4 Results and discussion
In this section, we investigate the performance of various language models across different sizes and sequence lengths. We evaluated the performance of different modalities, including discharge summaries and radiological reports, to predict the mortality of patients with mental disorders. Optimizing language models with additional patient data is anticipated to enhance the model performance. We explore various fusion mechanisms and present the results. The statistical significance of the models evaluated for each experiment is determined using the analysis of variance (ANOVA) test with α = 0.05.

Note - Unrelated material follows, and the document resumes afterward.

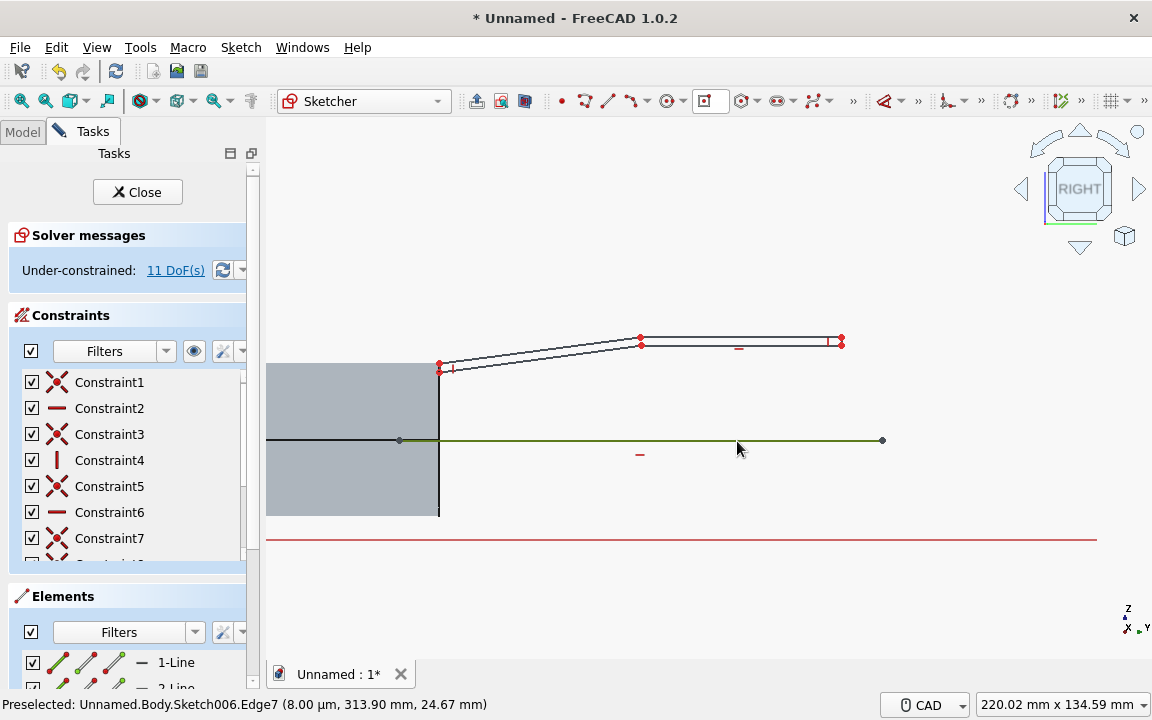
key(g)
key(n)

4.1 Performance of LLM and LM models without fine-tuning
This experiment investigates the research question RQ1 as fine-tuning is an essential step in updating the knowledge of language models, irrespective of size. This step is particularly crucial in the medical domain, enabling the model to make medically relevant decisions. This experiment establishes the baseline performance of the LLM and LM models and underscores the necessity of refining the general knowledge of these models with domain-specific data. It is apparent that the models perform poorly compared to their fine-tuned counterparts, which are discussed later in this section. Table 2 displays the best results of the LLM and LM models tested before fine-tuning. The top-performing LLM model, Asclepius, at a sequence length of 2048, achieved results of 0.5520 for F1-Score, 0.4576 for Accuracy, 0.4704 for Precision, and 0.6678 for Recall. The other LLM models showed even poorer results, some performing worse than random guesses. Gatortron-Base and Clinical-Bird, with 512 sequence lengths, registered the best LM results of 0.6670 for F1-Score, 0.5004 for Accuracy, 0.5004 for Precision, and 1.0000 for Recall. It is evident that, without critical fine-tuning, language models are unsuitable for specific domains such as medicine. Fine-tuning optimizes model performance and updates the model’s parameters, making it more knowledgeable and appropriate for the domain. This shows the significance of fine-tuning language models on specific medical datasets, such as MIMIC-IV, influencing predictive precision for ICU mortality. In subsequent experiments, we report results after the fine-tuning process.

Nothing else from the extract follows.